[Collection entries]
-------
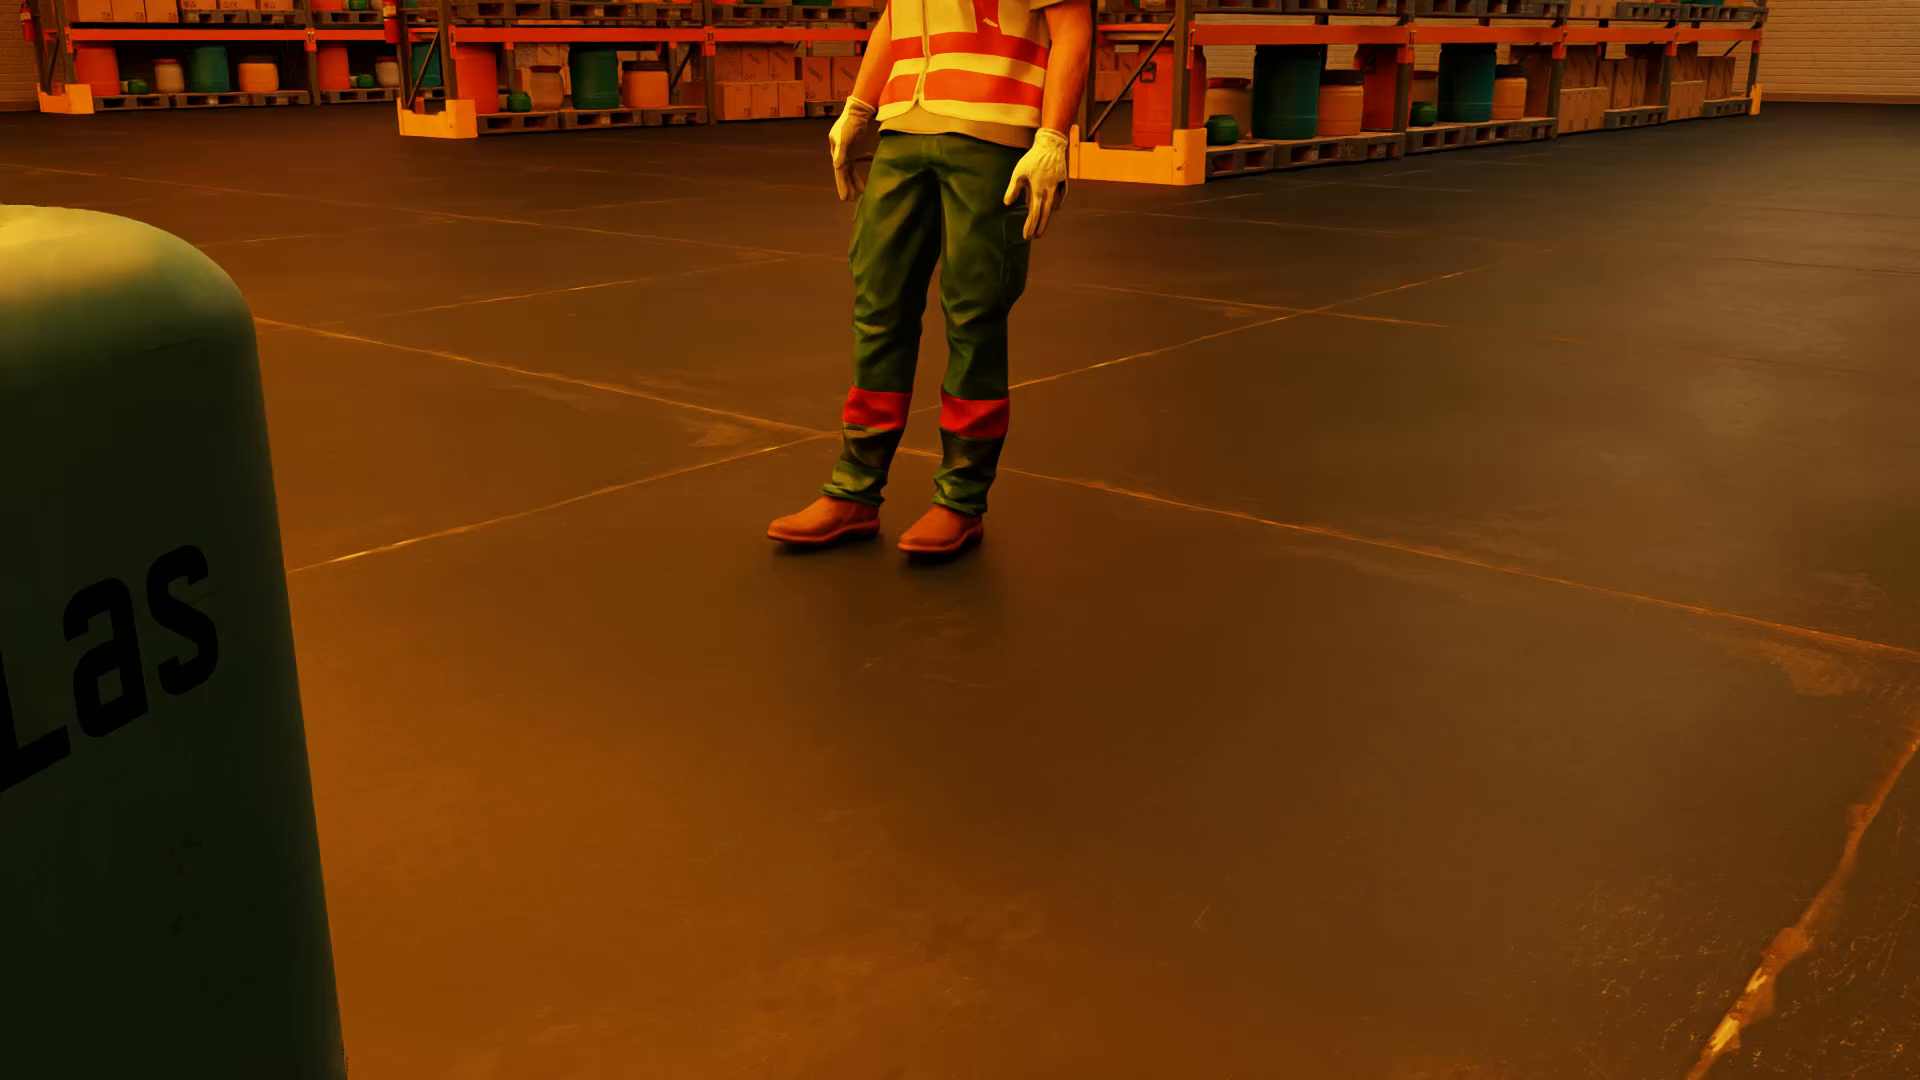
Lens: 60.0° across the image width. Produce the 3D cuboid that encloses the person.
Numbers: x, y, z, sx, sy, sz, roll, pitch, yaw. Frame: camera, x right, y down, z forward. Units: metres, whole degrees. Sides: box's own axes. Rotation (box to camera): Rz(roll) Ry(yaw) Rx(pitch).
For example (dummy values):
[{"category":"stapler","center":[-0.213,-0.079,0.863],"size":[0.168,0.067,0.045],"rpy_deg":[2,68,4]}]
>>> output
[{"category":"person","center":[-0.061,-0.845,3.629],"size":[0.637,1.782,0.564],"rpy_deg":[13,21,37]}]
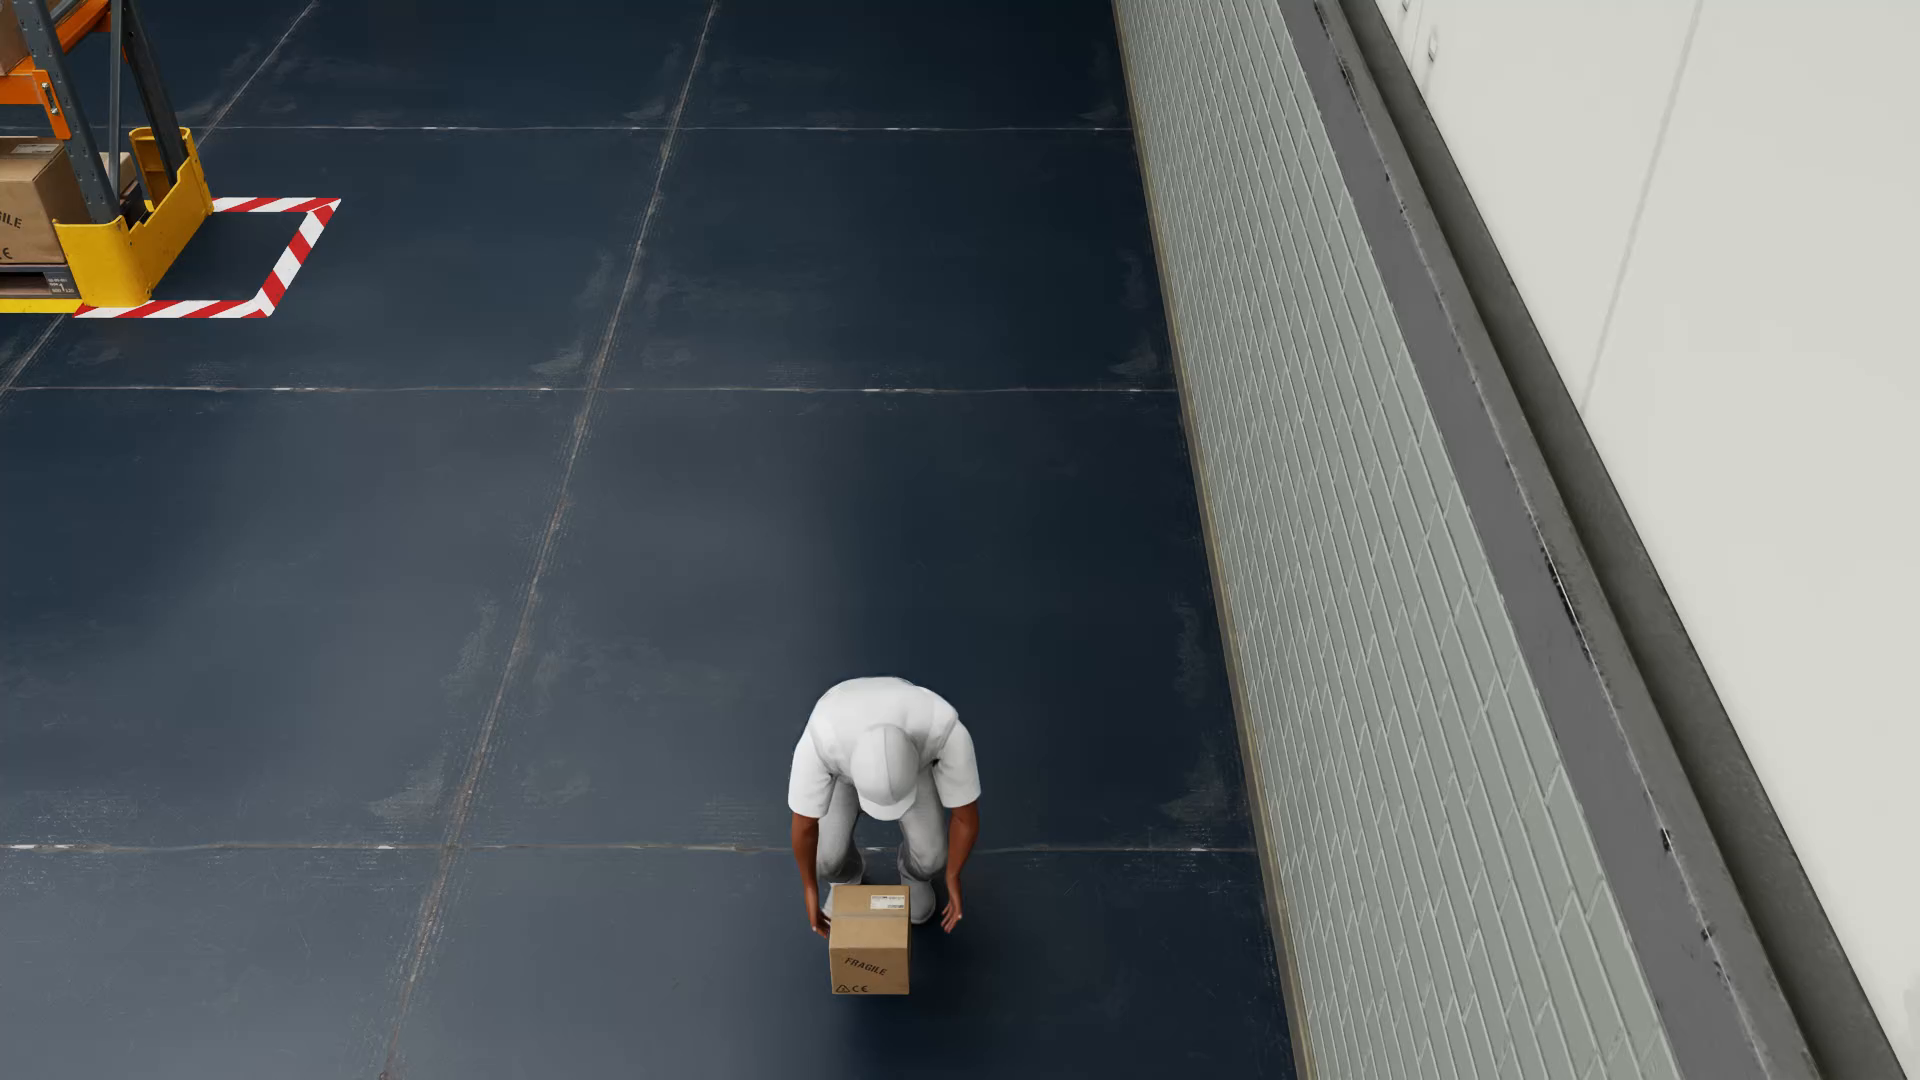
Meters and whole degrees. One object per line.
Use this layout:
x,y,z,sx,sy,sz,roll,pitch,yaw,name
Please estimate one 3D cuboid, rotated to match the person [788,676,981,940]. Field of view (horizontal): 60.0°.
-------
## Aim of the task
Output every line of the records above unchanged, and keep the pictures out.

## Your response
Lens: 60.0° across the image width. Produce the 3D cuboid that encloses the person.
Numbers: x, y, z, sx, sy, sz, roll, pitch, yaw. Frame: camera, x right, y down, z forward. Units: metres, whole degrees. Sides: box's own axes. Rotation (box to camera): Rz(roll) Ry(yaw) Rx(pitch).
For example (dummy values):
[{"category":"stapler","center":[-0.213,-0.079,0.863],"size":[0.168,0.067,0.045],"rpy_deg":[2,68,4]}]
>>> output
[{"category":"person","center":[-0.061,-0.845,3.629],"size":[0.637,1.782,0.564],"rpy_deg":[13,21,37]}]
Meters and whole degrees. One object per line.
Use this layout:
x,y,z,sx,sy,sz,roll,pitch,yaw,name
Please estimate one 3D cuboid, rotated to match the person [788,676,981,940]. Field of view (horizontal): 60.0°.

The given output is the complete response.